EXERCISE INPUT:
***
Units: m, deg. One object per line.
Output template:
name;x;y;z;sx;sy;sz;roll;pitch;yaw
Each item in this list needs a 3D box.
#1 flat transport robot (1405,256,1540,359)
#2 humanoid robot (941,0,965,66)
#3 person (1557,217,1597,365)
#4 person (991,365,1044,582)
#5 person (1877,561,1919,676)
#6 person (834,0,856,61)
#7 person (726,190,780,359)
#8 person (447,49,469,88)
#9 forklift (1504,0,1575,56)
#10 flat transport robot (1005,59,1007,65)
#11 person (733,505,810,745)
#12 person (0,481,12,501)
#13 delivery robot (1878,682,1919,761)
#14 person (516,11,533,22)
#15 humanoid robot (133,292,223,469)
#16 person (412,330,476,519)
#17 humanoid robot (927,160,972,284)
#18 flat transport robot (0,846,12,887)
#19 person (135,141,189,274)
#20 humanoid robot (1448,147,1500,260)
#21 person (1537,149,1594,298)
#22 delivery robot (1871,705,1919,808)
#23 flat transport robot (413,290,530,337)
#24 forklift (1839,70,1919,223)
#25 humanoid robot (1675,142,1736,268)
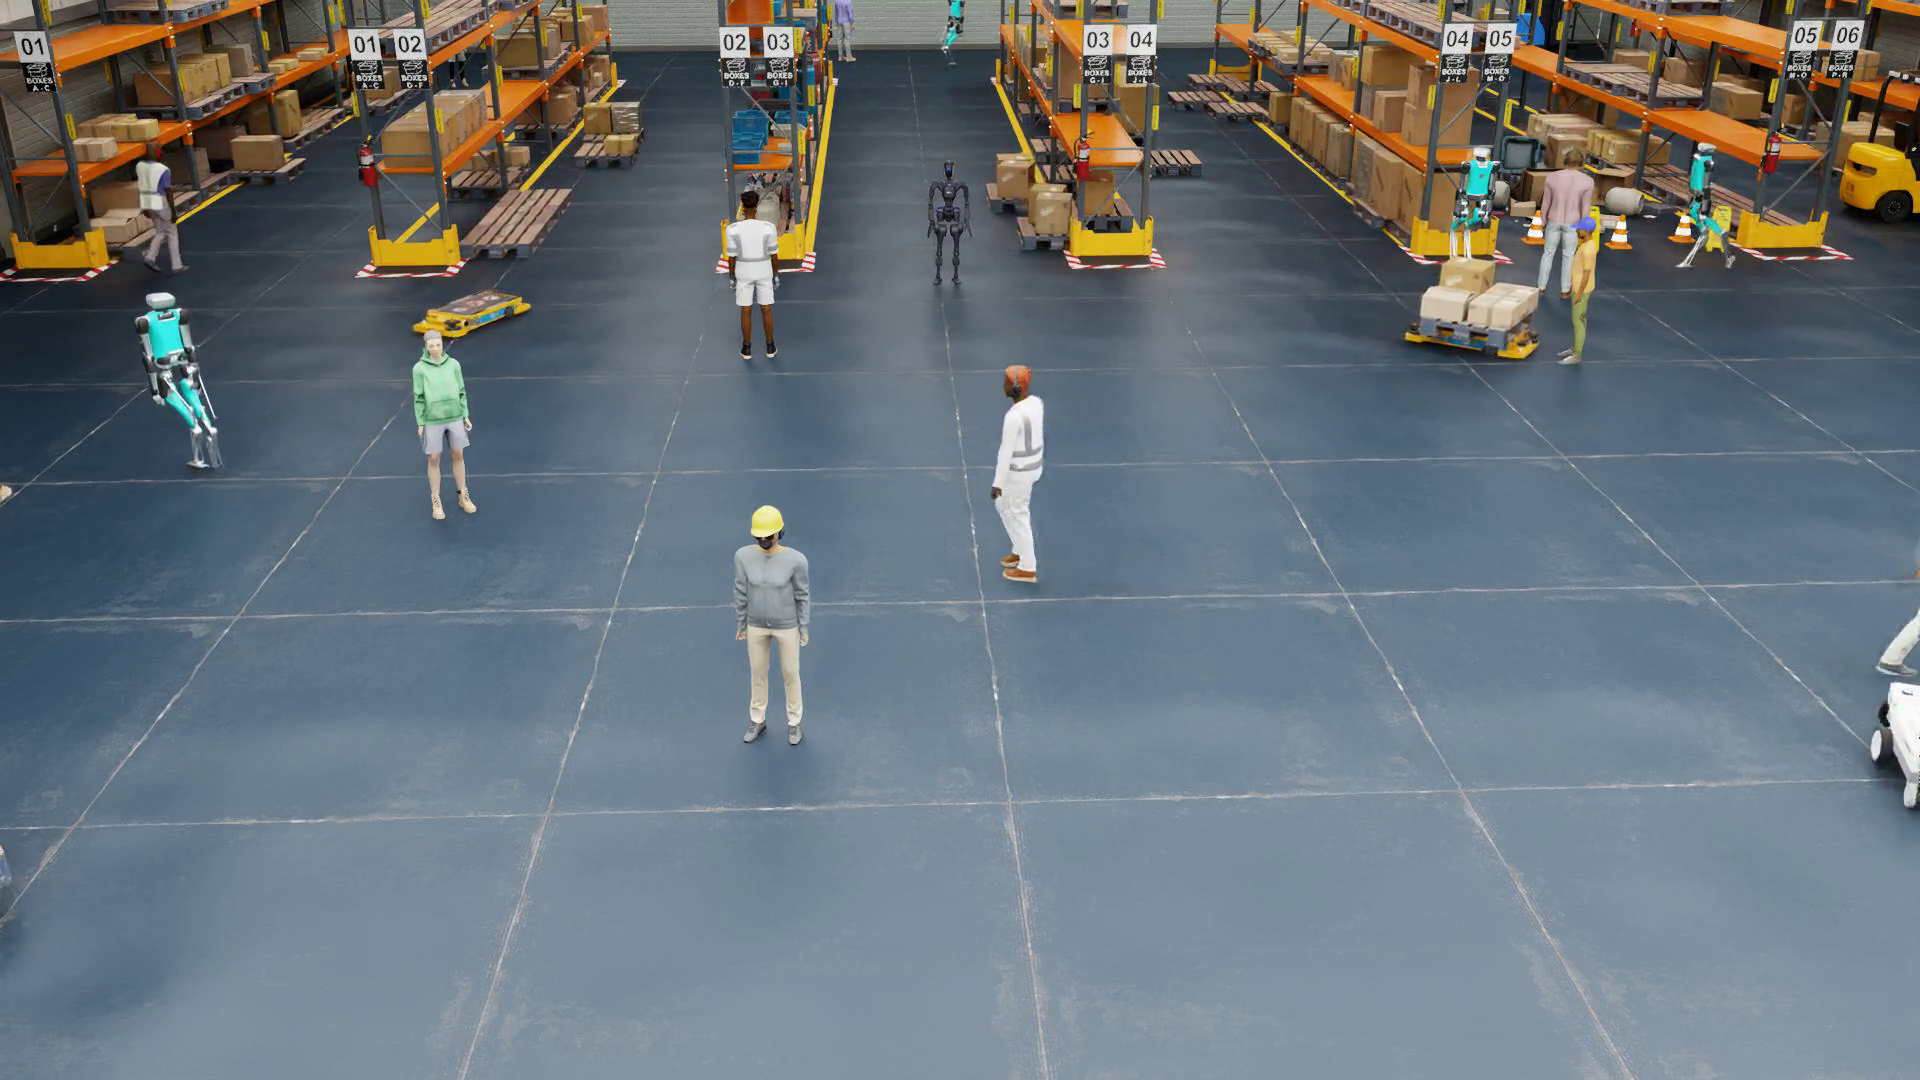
flat transport robot;6.158;-2.447;19.970;1.431;0.231;0.659;15;28;30
humanoid robot;-0.250;-12.446;40.632;0.680;1.797;0.535;-19;30;-36
person;7.097;-2.867;19.132;0.367;1.717;0.459;8;25;17
person;0.445;-0.547;13.739;0.518;1.868;0.589;8;25;17
person;7.317;0.229;12.189;0.875;1.700;0.572;3;24;8
person;-2.886;-12.892;41.558;0.602;1.798;0.386;17;29;33
person;-2.390;-3.073;19.293;0.611;1.965;0.363;-4;24;-10
person;-11.450;-11.134;37.732;0.537;1.696;0.317;-17;29;-33
forklift;14.700;-13.805;42.301;1.873;2.768;1.129;-1;24;-2
flat transport robot;1.752;-11.662;40.677;1.431;0.231;0.659;-17;29;-34
person;-1.278;0.581;11.325;0.523;1.769;0.319;3;24;8
person;-9.080;-1.070;15.101;0.561;1.740;0.767;-3;24;-7
delivery robot;6.712;1.219;11.348;0.747;0.568;0.499;10;26;22
person;-10.609;-12.488;40.602;0.548;1.838;0.682;11;26;23
humanoid robot;-7.386;-1.404;15.949;0.742;1.881;0.546;15;28;31
person;-4.674;-1.057;15.035;0.472;1.743;0.337;-14;27;-28
humanoid robot;-0.141;-4.259;22.294;0.599;1.657;0.315;-1;24;-2
flat transport robot;-6.297;2.111;9.728;0.659;0.231;1.431;-19;30;-37
person;-10.972;-4.510;22.702;0.595;1.816;0.560;8;25;18
humanoid robot;6.974;-4.583;22.803;0.533;1.675;0.735;-1;24;-2
person;7.886;-4.129;21.720;0.623;1.931;0.373;13;27;27
delivery robot;6.390;1.383;10.974;0.499;0.564;0.737;6;25;14
flat transport robot;-6.114;-2.840;20.855;0.659;0.231;1.431;11;26;23
forklift;15.132;-6.143;25.915;2.313;2.155;1.214;-1;24;-2
humanoid robot;10.508;-4.602;23.062;0.904;1.798;0.554;-1;24;-3
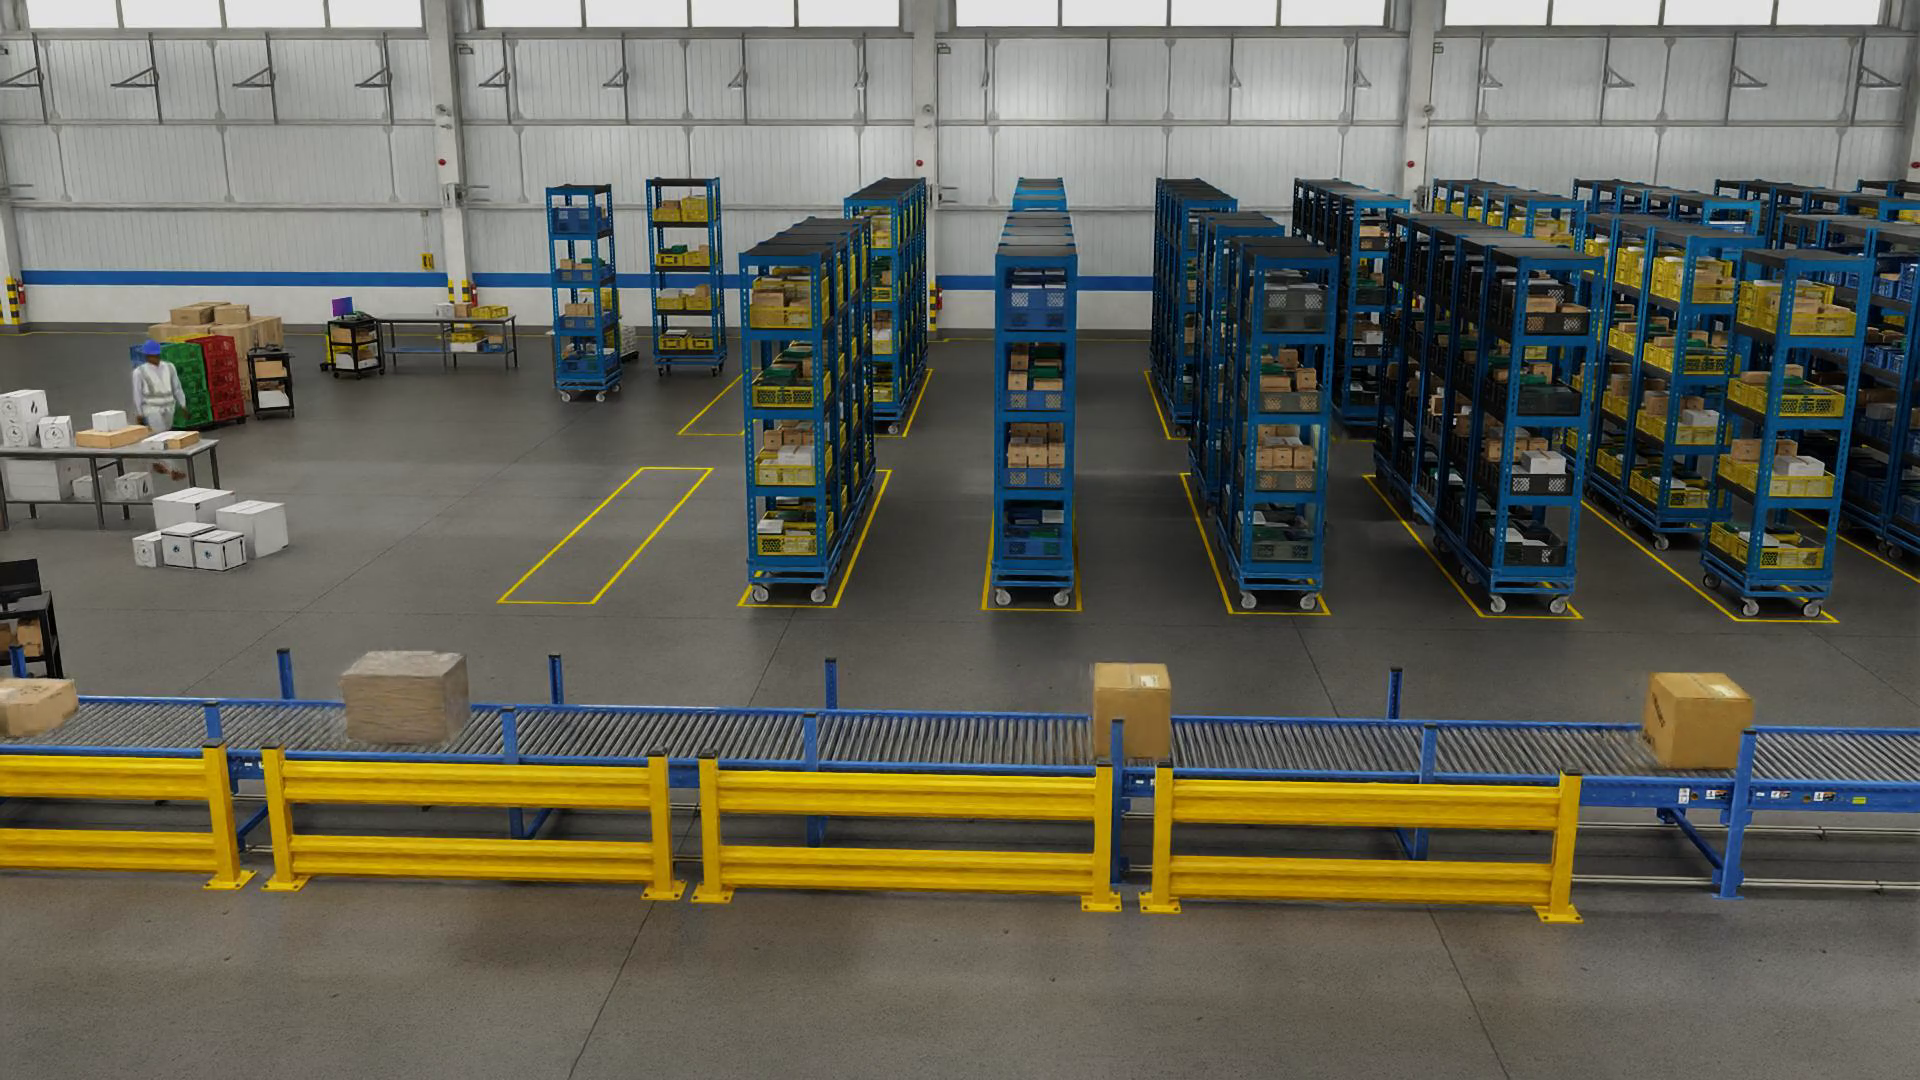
***
EXERCISE GOAL: Lines wanted from the listing above: the line with "#6 person (834,0,856,61)" up to and including the line with "#24 forklift (1839,70,1919,223)". Please write them out exactly, adding nothing else.

EXERCISE RESPONSE:
#6 person (834,0,856,61)
#7 person (726,190,780,359)
#8 person (447,49,469,88)
#9 forklift (1504,0,1575,56)
#10 flat transport robot (1005,59,1007,65)
#11 person (733,505,810,745)
#12 person (0,481,12,501)
#13 delivery robot (1878,682,1919,761)
#14 person (516,11,533,22)
#15 humanoid robot (133,292,223,469)
#16 person (412,330,476,519)
#17 humanoid robot (927,160,972,284)
#18 flat transport robot (0,846,12,887)
#19 person (135,141,189,274)
#20 humanoid robot (1448,147,1500,260)
#21 person (1537,149,1594,298)
#22 delivery robot (1871,705,1919,808)
#23 flat transport robot (413,290,530,337)
#24 forklift (1839,70,1919,223)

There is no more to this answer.